Интерес представляет следующий вопрос: каким образом Иисус согласовывал эти учения со своей апокалиптической проповедью? На первый взгляд он создал себе глубокое противоречие. Ибо, с одной стороны, Иисус призывает слушателей не мстить своим врагам, но любить их, беря пример с Творца, который не наказывает своих обидчиков (то есть грешников). С другой стороны, он при этом призывает покаяться, ибо Творец вот-вот накажет грешников геенной огненной. Хотя очень многие богословы занимались вопросом о том, как соотносятся эсхатология и милосердие, как ни странно, почти никто из историков не задумывался всерьёз над проблемой, что именно привело Иисуса к вышеупомянутому противоречию и как он его решал.

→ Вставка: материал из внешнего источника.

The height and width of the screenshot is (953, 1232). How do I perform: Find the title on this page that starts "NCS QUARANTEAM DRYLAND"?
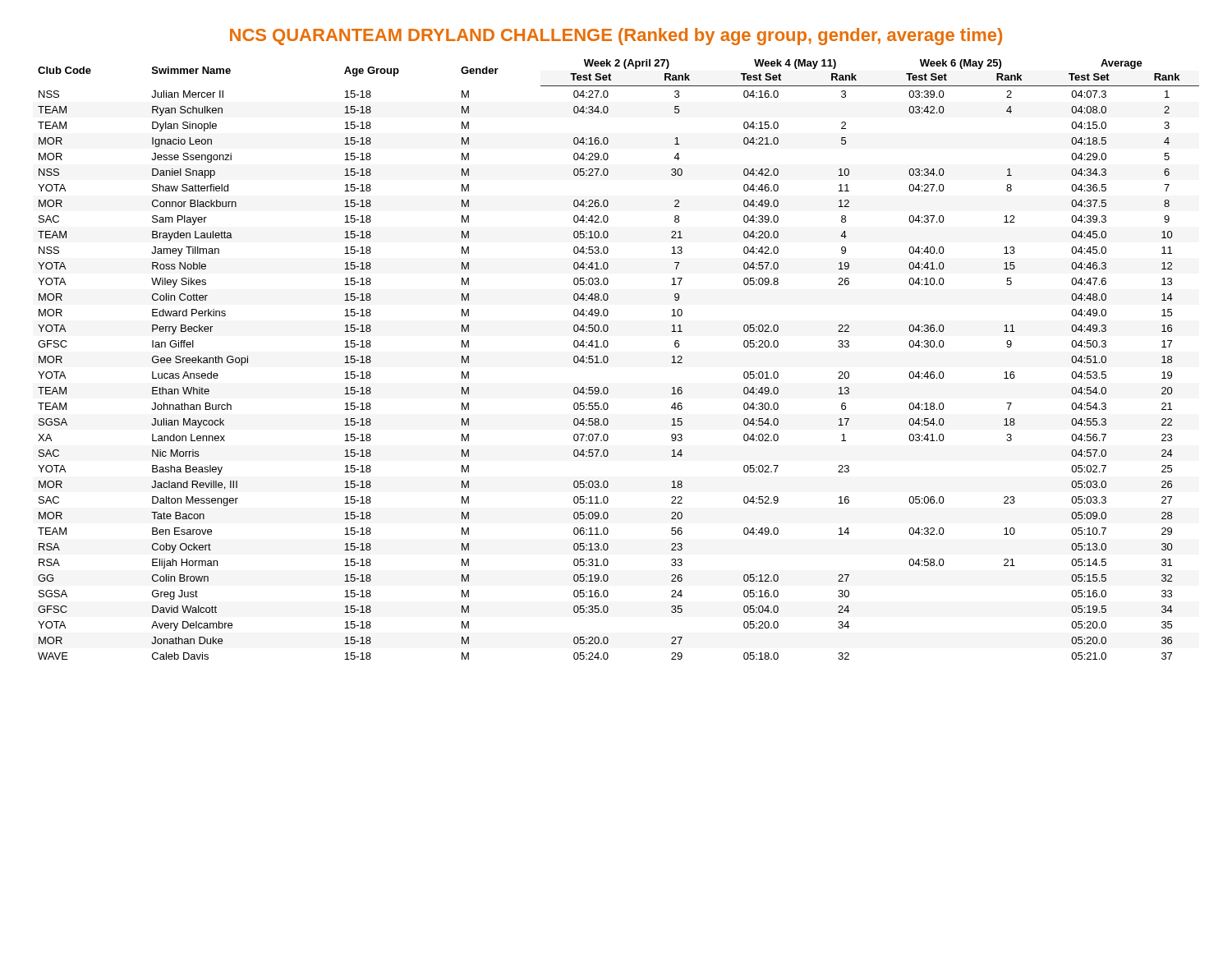click(x=616, y=35)

Из предлагавшихся решений особого внимания заслуживает гипотеза немецкого библеиста Герда Тайсена. С точки зрения Тайсена, отсрочка обещанного Иоанном Крестителем Конца произвела на Иисуса глубочайшее впечатление. Однако Иисус не разочаровался в апокалиптике и в Иоанне Крестителе (как полагает «семинар по Иисусу»), а пришёл к выводу, что Бог явил людям милость, дал время для покаяния. И эта отсрочка стала для Иисуса не точкой скепсиса и разочарования, а источником новой радости и оптимизма: Бог являет себя как Бог доброты и милосердия. А значит, любой, кто хочет быть с Богом, должен подражать ему в этом качестве.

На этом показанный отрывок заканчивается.